Budget 2026 introduced targeted levy hikes for basic-skilled workers in heavy industrial sectors to push employers toward automation. Higher-skilled cohorts in the same sectors face no equivalent increase – a deliberate incentive to upgrade existing workers rather than cycle through cheap replacements. Performing Artiste passes have been abolished for new applicants entirely.

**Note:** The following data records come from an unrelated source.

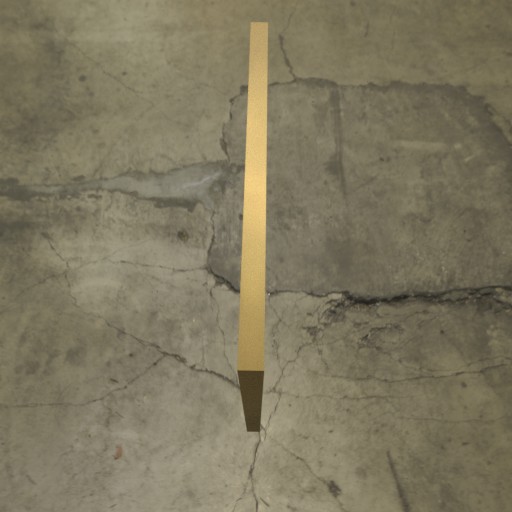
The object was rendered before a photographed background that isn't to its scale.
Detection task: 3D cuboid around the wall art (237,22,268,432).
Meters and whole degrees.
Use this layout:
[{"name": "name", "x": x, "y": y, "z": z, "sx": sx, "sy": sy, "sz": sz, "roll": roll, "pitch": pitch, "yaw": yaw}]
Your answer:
[{"name": "wall art", "x": 0.000, "y": 0.000, "z": 1.136, "sx": 0.038, "sy": 0.762, "sz": 0.762, "roll": 1, "pitch": 62, "yaw": 1}]
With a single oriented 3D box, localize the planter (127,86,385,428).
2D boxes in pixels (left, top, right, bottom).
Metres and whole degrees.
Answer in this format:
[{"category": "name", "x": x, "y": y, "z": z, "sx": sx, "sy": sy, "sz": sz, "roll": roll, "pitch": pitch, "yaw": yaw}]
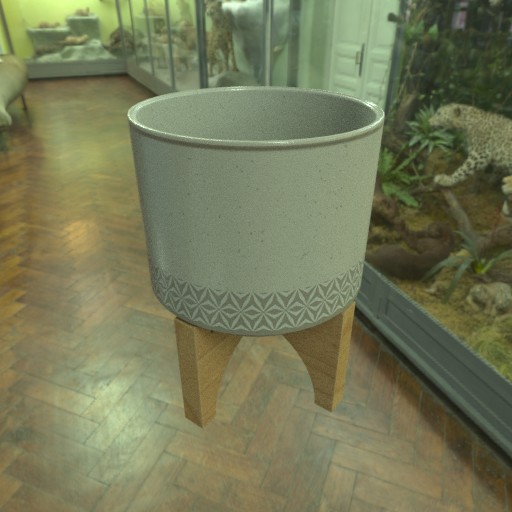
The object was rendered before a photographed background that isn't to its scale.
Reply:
[{"category": "planter", "x": 0.000, "y": 0.000, "z": 0.274, "sx": 0.130, "sy": 0.178, "sz": 0.130, "roll": 0, "pitch": 30, "yaw": 0}]

The Fair Consideration Framework: A Precondition, Not a Formality
Before any EP application for a role, employers must advertise the position on MyCareersFuture for 14 days and genuinely consider local candidates. Companies found pre-selecting foreign candidates face a minimum 12-month debarment from hiring foreign workers – egregious cases draw 24 months. That effectively freezes a firm’s entire foreign workforce pipeline.
InCorp 的下一步发展
Singapore’s 2026 framework rewards companies that treat workforce planning as a strategic function rather than an administrative one. Getting the pass type wrong, missing a quota calculation, or misreading COMPASS criteria costs time, money, and in some cases, the hire entirely
InCorp’s immigration specialists help businesses identify the right pass for every candidate, prepare compliant applications, and manage quota and levy obligations across multiple hiring cycles. 立即联系 InCorp to keep your workforce strategy ahead of Singapore’s requirements.

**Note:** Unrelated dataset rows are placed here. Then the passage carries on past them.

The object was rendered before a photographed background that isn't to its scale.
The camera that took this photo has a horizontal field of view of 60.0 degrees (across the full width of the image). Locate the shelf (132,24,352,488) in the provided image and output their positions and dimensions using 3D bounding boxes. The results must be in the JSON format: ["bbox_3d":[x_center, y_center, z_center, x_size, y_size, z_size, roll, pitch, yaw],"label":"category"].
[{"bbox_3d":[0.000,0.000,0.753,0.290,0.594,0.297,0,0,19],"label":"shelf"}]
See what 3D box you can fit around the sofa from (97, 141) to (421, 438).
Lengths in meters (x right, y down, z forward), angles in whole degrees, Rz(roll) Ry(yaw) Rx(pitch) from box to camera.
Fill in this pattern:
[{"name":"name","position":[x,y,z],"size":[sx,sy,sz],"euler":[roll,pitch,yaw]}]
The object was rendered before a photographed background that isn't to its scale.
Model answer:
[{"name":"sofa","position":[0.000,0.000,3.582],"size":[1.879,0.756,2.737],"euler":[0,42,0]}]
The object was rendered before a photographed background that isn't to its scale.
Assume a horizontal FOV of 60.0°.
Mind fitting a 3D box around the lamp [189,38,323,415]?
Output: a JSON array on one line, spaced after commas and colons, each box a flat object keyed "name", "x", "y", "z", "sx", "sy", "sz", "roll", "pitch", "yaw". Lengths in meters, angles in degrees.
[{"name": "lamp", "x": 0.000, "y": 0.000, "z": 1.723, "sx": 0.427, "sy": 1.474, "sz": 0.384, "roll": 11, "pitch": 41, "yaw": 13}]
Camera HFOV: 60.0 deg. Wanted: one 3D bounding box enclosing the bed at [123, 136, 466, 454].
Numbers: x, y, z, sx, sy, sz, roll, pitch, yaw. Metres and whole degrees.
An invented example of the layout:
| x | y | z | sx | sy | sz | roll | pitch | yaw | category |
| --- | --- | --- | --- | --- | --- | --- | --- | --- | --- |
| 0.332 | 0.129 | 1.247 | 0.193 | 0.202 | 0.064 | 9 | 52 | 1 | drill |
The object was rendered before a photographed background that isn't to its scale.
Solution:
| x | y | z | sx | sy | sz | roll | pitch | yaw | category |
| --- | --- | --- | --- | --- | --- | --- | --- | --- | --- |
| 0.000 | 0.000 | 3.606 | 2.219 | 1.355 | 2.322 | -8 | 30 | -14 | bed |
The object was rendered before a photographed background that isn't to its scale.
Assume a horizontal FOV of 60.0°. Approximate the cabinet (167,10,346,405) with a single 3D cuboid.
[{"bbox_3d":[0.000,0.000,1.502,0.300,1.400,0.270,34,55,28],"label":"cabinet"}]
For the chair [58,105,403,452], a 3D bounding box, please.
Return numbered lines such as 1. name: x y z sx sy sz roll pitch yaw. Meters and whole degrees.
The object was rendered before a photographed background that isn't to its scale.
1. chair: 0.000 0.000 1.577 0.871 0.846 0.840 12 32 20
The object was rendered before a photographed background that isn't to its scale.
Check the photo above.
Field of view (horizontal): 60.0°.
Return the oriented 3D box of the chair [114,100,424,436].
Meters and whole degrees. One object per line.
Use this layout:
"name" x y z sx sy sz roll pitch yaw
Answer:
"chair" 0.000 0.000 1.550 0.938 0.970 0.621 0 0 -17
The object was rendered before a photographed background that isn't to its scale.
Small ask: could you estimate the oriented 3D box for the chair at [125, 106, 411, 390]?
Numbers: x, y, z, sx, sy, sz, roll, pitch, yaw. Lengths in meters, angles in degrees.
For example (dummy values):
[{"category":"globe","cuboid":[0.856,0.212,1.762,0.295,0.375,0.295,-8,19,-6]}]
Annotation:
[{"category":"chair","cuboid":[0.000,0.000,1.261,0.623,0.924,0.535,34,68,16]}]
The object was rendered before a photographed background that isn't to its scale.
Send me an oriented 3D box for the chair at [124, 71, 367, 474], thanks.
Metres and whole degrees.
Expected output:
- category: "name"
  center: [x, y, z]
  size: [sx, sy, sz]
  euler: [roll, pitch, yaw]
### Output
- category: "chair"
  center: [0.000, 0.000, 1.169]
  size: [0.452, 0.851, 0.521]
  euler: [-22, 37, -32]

FAQs about Different Work Passes in Singapore
What is the minimum salary for a Singapore Employment Pass in 2026?
- The baseline Employment Pass salary is S$5,600 per month for non-financial sectors and S$6,200 for financial services, rising progressively with age. From 1 January 2027, these thresholds increase to S$6,000 and S$6,600 respectively, with age-adjusted maximums reaching S$11,500 to S$12,700 for candidates aged 45 and above.
What is COMPASS and how many points do you need to pass?

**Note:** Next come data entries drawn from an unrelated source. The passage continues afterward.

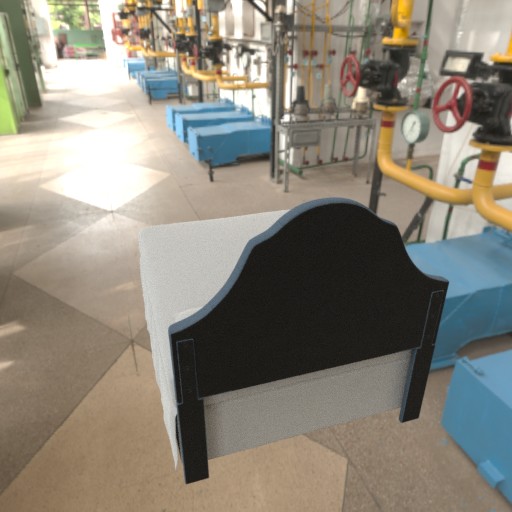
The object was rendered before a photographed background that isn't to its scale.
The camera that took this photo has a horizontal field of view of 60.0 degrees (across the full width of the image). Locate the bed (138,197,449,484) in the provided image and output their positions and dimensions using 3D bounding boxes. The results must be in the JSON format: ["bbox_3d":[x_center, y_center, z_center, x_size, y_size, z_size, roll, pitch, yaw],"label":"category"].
[{"bbox_3d":[0.000,0.000,3.227,1.636,1.575,2.155,-8,28,-16],"label":"bed"}]
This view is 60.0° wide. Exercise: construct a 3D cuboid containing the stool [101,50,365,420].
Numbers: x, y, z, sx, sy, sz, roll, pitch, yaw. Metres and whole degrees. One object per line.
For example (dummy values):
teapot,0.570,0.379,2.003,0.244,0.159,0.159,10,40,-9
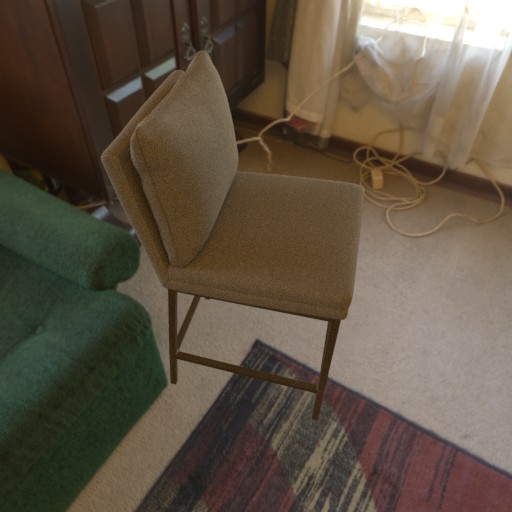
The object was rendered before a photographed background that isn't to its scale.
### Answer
stool,0.000,0.000,1.327,0.569,1.030,0.463,10,47,9
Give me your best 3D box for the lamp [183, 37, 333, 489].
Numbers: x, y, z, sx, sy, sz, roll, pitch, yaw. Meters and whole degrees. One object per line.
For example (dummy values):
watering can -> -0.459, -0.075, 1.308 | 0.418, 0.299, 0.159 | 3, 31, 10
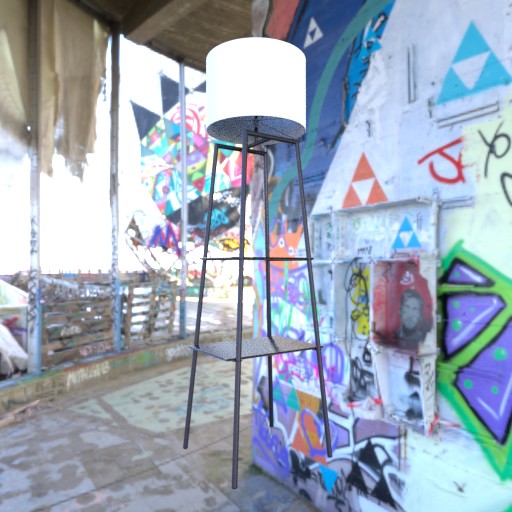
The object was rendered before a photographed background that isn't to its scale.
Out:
lamp -> 0.000, 0.000, 1.674 | 0.427, 1.474, 0.384 | 1, -1, -34
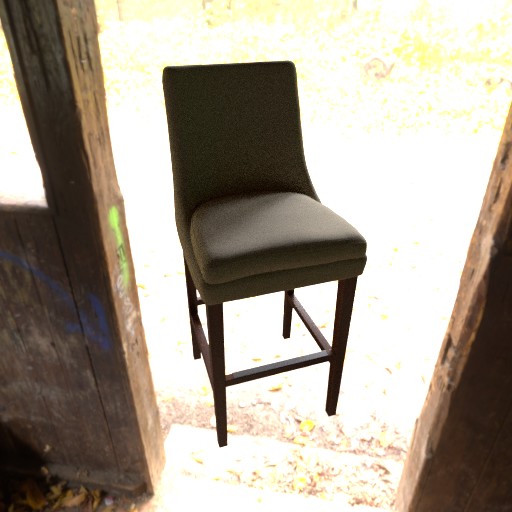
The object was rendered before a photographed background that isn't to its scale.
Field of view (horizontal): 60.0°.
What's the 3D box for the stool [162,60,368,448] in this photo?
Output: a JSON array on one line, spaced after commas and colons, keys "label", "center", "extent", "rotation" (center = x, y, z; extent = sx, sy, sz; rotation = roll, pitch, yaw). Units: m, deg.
[{"label": "stool", "center": [0.000, 0.000, 1.414], "extent": [0.470, 1.078, 0.577], "rotation": [-10, 33, -16]}]
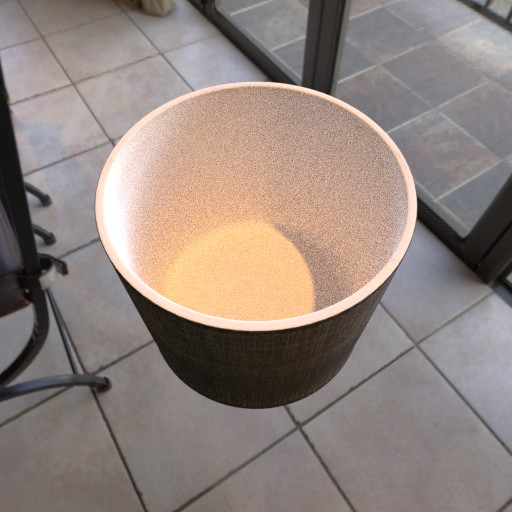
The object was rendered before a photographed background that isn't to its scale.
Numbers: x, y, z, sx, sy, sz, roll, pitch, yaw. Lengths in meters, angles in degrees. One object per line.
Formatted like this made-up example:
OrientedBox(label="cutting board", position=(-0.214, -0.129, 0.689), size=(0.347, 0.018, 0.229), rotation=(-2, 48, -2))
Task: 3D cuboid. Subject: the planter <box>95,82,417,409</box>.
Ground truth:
OrientedBox(label="planter", position=(0.000, 0.000, 0.448), size=(0.254, 0.221, 0.254), rotation=(0, 58, 0))
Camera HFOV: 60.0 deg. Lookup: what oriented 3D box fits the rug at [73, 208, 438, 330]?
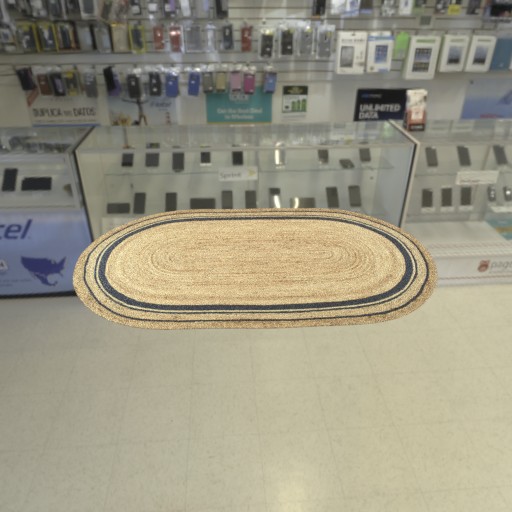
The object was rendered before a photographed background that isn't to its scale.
[{"bbox_3d":[0.000,0.000,3.068,2.432,0.006,1.520,-1,31,-2],"label":"rug"}]
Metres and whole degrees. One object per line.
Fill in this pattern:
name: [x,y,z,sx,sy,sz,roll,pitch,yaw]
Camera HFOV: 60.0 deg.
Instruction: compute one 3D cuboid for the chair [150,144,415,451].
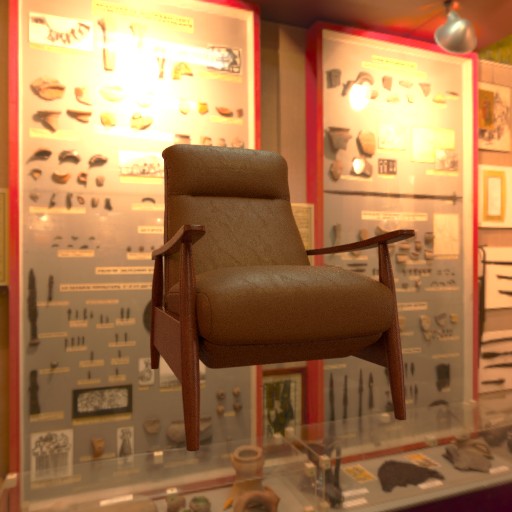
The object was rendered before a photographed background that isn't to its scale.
chair: [0.000,0.000,1.801,0.762,1.082,1.014,0,0,-19]
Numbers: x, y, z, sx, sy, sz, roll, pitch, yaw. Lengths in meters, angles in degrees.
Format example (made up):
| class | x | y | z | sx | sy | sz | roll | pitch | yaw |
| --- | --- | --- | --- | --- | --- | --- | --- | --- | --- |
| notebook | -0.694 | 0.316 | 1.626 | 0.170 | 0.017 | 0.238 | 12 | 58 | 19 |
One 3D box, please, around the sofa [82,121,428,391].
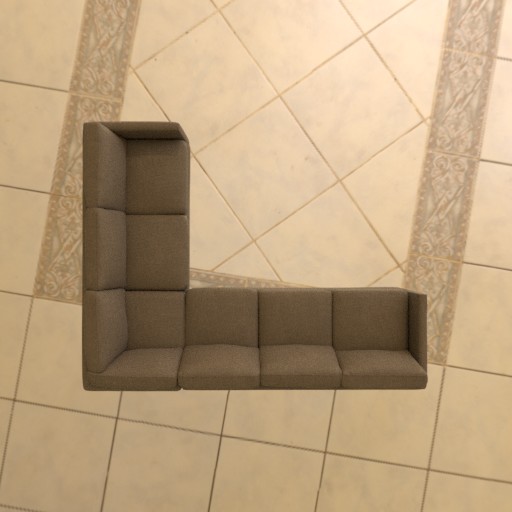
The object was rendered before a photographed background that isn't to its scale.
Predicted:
| class | x | y | z | sx | sy | sz | roll | pitch | yaw |
| --- | --- | --- | --- | --- | --- | --- | --- | --- | --- |
| sofa | 0.000 | 0.000 | 4.435 | 3.302 | 0.947 | 2.593 | 0 | 90 | 0 |

- COMPASS is Singapore's points-based Employment Pass assessment framework. Candidates must score at least 40 points across six criteria covering salary benchmarking, educational qualifications, workforce diversity, local employment support, shortage occupation skills, and strategic economic priority participation.
What is the S Pass quota and levy in Singapore?
- S Pass holders are subject to sector-specific Dependency Ratio Ceilings - services firms cannot exceed 10% of total headcount. A monthly levy of S$650 per S Pass holder applies from September 2025. Local staff earning below the S$1,600 Local Qualifying Salary only count as half a headcount (0.5).